Eğitim müfredatı, öğrencilere yaşamı bir bütün olarak kavramayı hedefleyen, çocuk ve gençlerin çok yönlü gelişimlerine hizmet edecek öğrenme yaşantılarını içeren, Cumhuriyet'in aydınlanmacı değerlerini taşıyan laik ve bilimsel bir içerikte olmalı, çokdillilik temellinde anadili eğitimini esas alan yeni ve demokratik bir müfredat hazırlanmalıdır.

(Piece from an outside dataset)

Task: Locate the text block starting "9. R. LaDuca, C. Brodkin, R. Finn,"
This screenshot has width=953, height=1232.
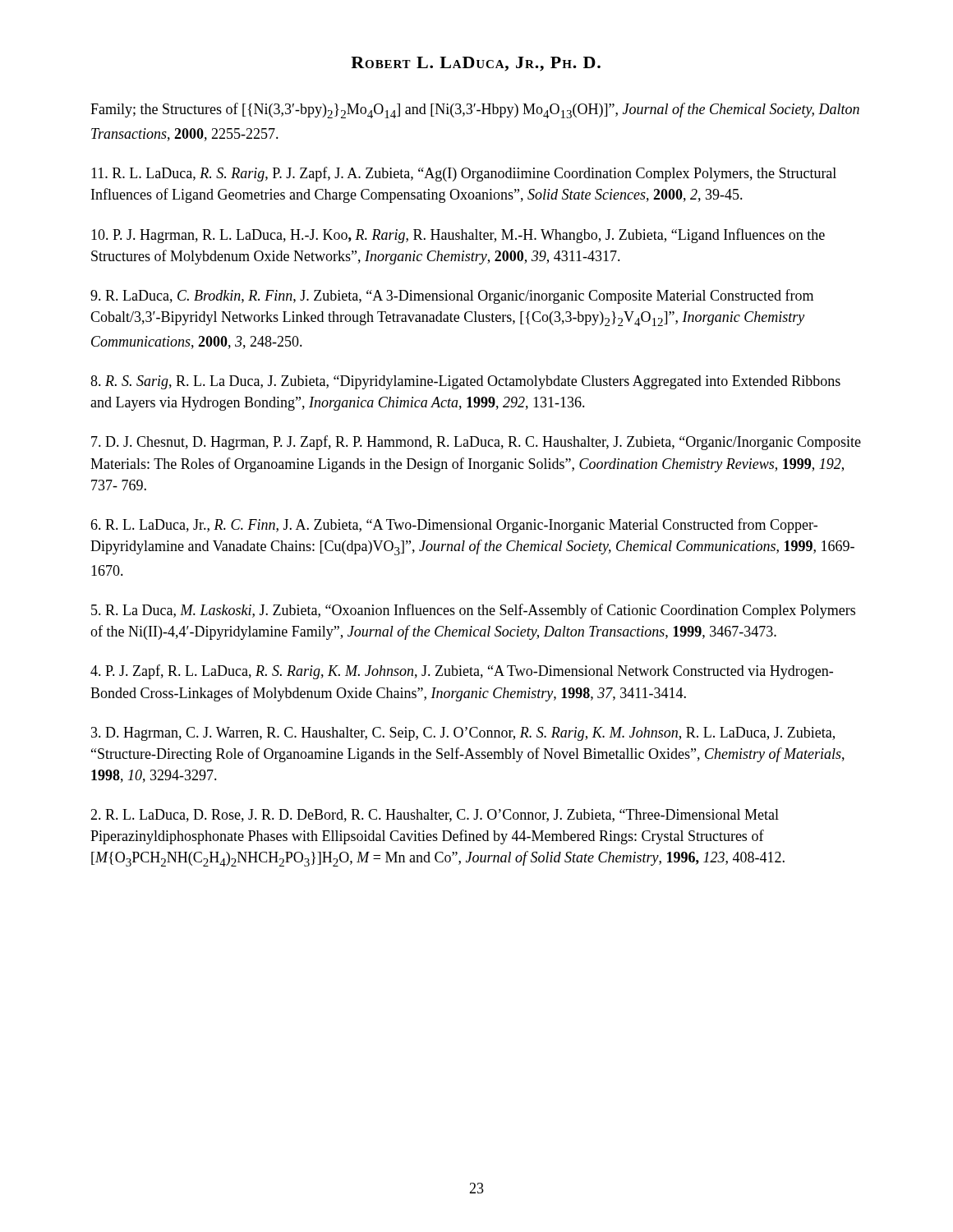Action: 452,319

Eğitim Sen olarak eğitim müfredatı olmaktan çok uzak olan ve tek adam rejiminin yaratmaya çalıştığı dini esaslara dayalı toplum modelini temel alan, laiklik ve bilim karşıtı yeni müfredatı reddediyoruz. Eğitim ve bilim emekçileri başta olmak üzere, öğrencilerimiz, velilerimiz ve tüm kamuoyu ile birlikte bilime ve laik eğitime açıkça meydan okumak anlamına gelen müfredat değişikliklerine karşı birlikte mücadelemizi sürdüreceğiz."